→ **TASK ITEM**: Across the listing below, count every line where the string "indicates" appears, then give only the count.

########

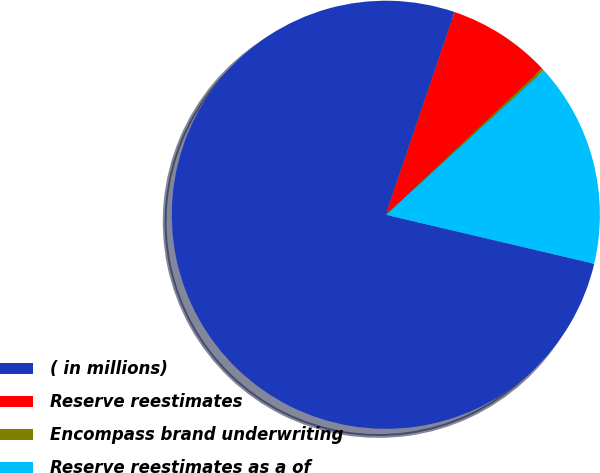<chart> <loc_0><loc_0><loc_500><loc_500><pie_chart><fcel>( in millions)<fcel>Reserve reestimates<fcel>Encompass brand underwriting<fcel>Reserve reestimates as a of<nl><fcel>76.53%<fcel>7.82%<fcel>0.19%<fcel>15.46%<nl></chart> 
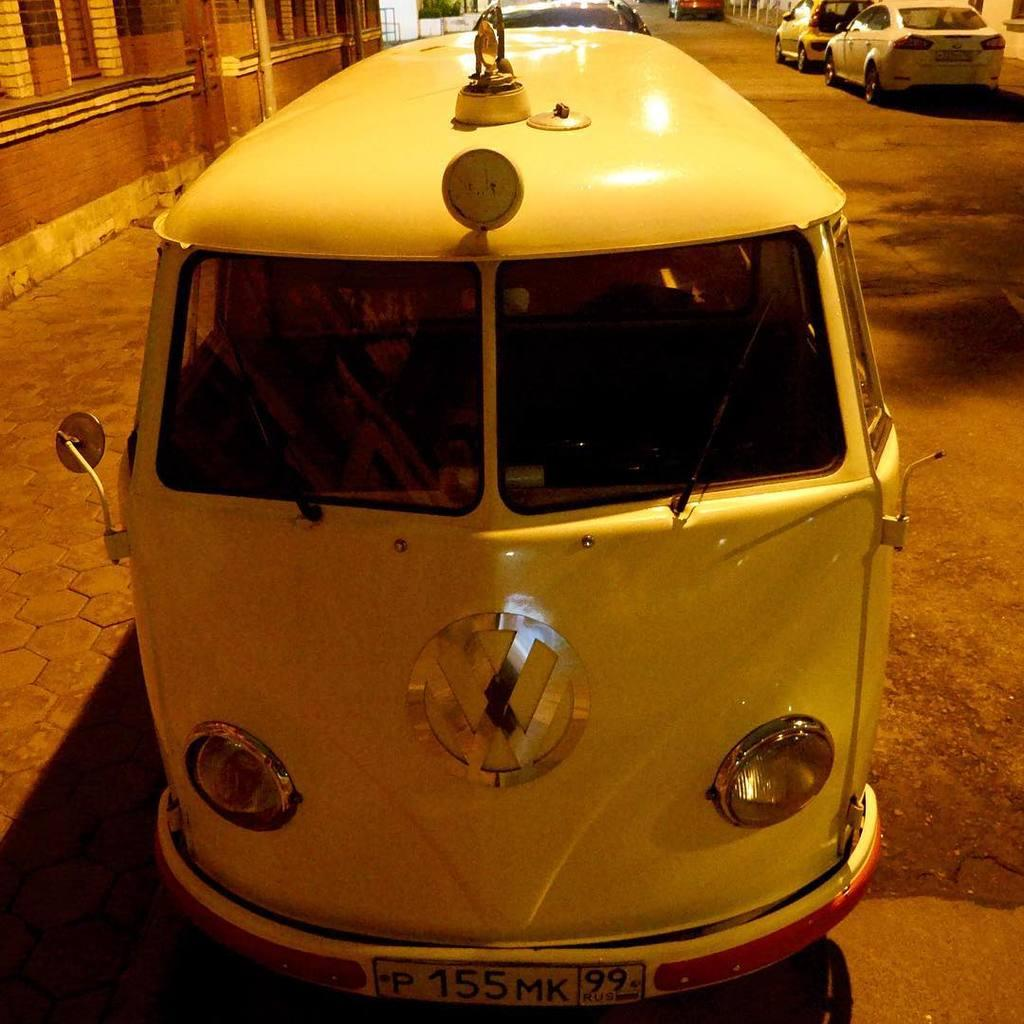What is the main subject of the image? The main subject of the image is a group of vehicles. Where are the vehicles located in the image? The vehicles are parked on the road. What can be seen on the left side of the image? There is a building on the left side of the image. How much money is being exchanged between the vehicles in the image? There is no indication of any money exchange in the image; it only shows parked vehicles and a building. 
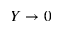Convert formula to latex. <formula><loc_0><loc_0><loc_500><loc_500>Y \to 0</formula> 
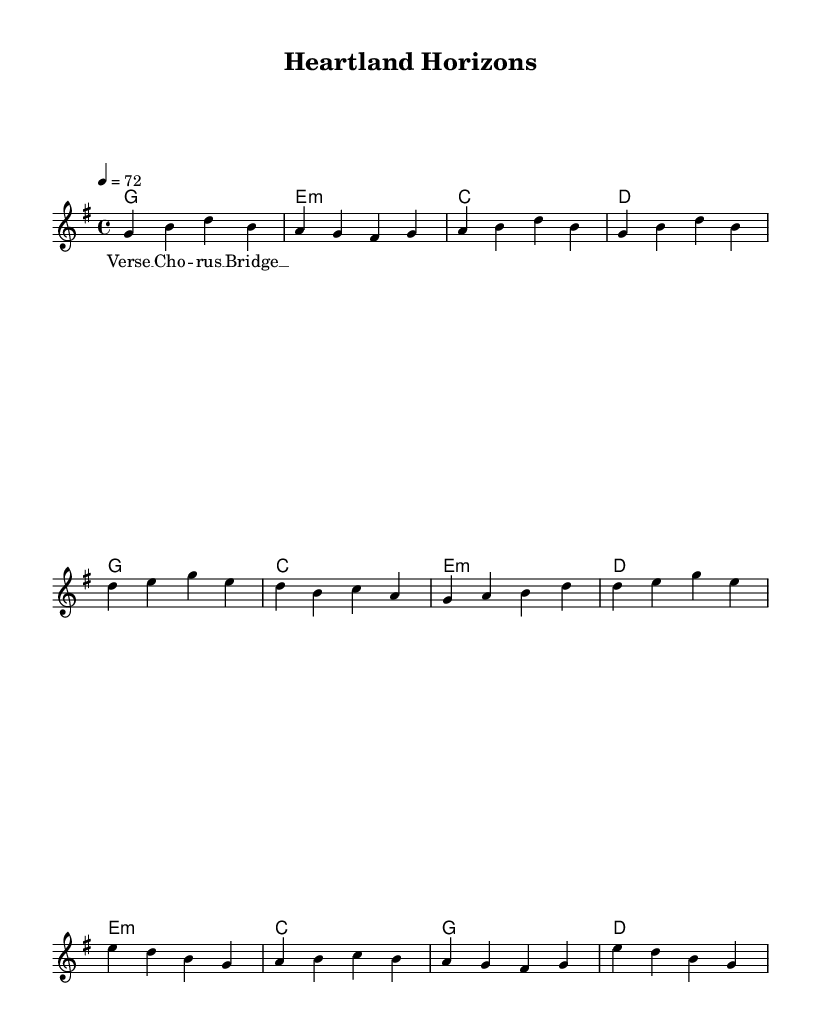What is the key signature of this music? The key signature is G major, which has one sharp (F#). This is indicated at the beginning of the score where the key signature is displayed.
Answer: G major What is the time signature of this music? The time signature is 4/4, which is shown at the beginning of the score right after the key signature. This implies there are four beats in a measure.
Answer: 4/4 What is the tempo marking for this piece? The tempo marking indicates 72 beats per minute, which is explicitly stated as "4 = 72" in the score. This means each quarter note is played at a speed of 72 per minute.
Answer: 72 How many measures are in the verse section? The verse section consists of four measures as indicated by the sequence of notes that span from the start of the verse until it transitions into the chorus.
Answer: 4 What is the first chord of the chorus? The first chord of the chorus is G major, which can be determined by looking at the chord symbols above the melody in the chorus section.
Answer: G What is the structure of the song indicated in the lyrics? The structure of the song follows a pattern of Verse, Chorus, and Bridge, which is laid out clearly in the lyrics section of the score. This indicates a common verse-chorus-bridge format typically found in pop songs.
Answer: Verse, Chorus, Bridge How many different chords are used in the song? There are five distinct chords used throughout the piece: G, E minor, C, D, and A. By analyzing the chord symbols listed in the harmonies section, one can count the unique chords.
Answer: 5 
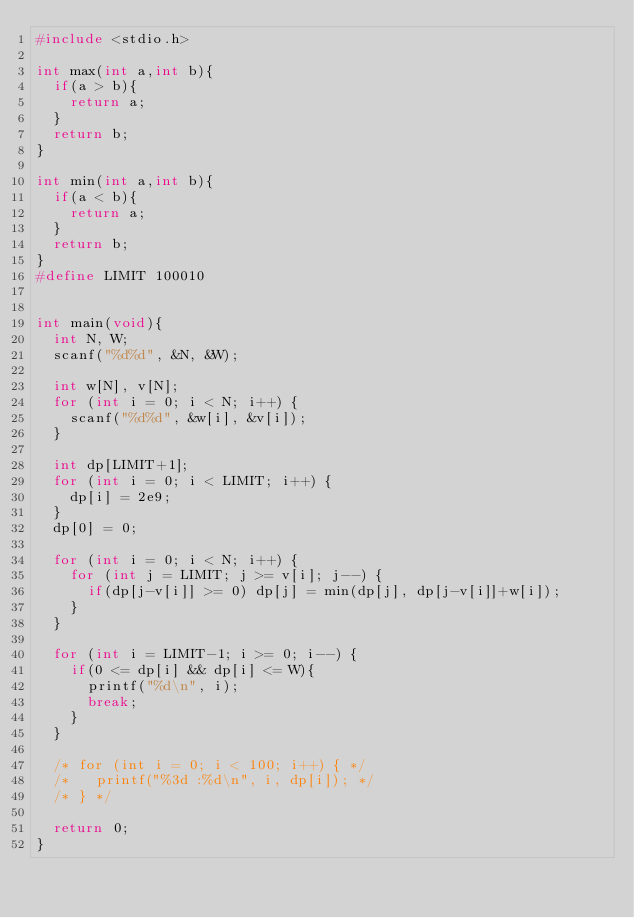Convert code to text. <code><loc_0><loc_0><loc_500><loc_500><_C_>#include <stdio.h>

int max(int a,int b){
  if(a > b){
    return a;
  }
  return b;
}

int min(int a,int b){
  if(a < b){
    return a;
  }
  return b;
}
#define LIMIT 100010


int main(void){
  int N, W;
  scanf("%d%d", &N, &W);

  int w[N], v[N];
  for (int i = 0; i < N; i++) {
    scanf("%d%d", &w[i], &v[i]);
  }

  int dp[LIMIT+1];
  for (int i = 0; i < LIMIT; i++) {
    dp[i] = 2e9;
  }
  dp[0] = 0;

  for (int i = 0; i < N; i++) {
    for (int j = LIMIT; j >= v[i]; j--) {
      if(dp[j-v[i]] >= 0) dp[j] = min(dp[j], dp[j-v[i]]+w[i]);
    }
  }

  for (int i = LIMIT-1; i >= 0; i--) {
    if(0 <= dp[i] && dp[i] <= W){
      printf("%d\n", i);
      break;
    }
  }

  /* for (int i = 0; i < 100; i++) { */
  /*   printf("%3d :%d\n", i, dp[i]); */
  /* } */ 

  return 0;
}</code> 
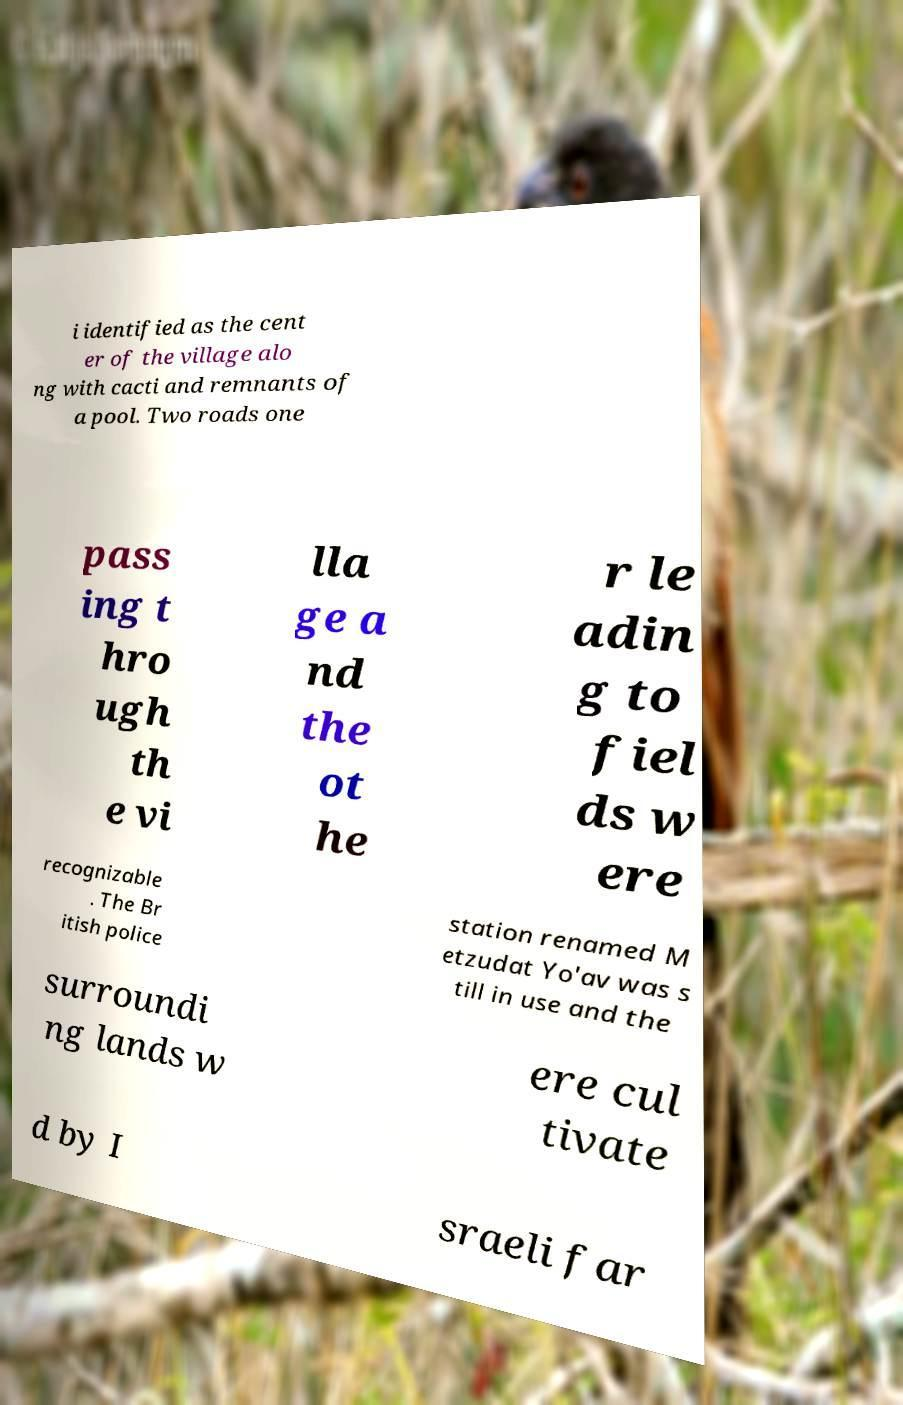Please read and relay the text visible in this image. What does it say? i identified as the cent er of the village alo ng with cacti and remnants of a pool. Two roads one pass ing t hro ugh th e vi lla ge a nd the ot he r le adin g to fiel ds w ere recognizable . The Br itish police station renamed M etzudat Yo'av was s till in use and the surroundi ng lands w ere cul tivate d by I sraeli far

########

→ **ANSWER FOR THIS EXERCISE**: 2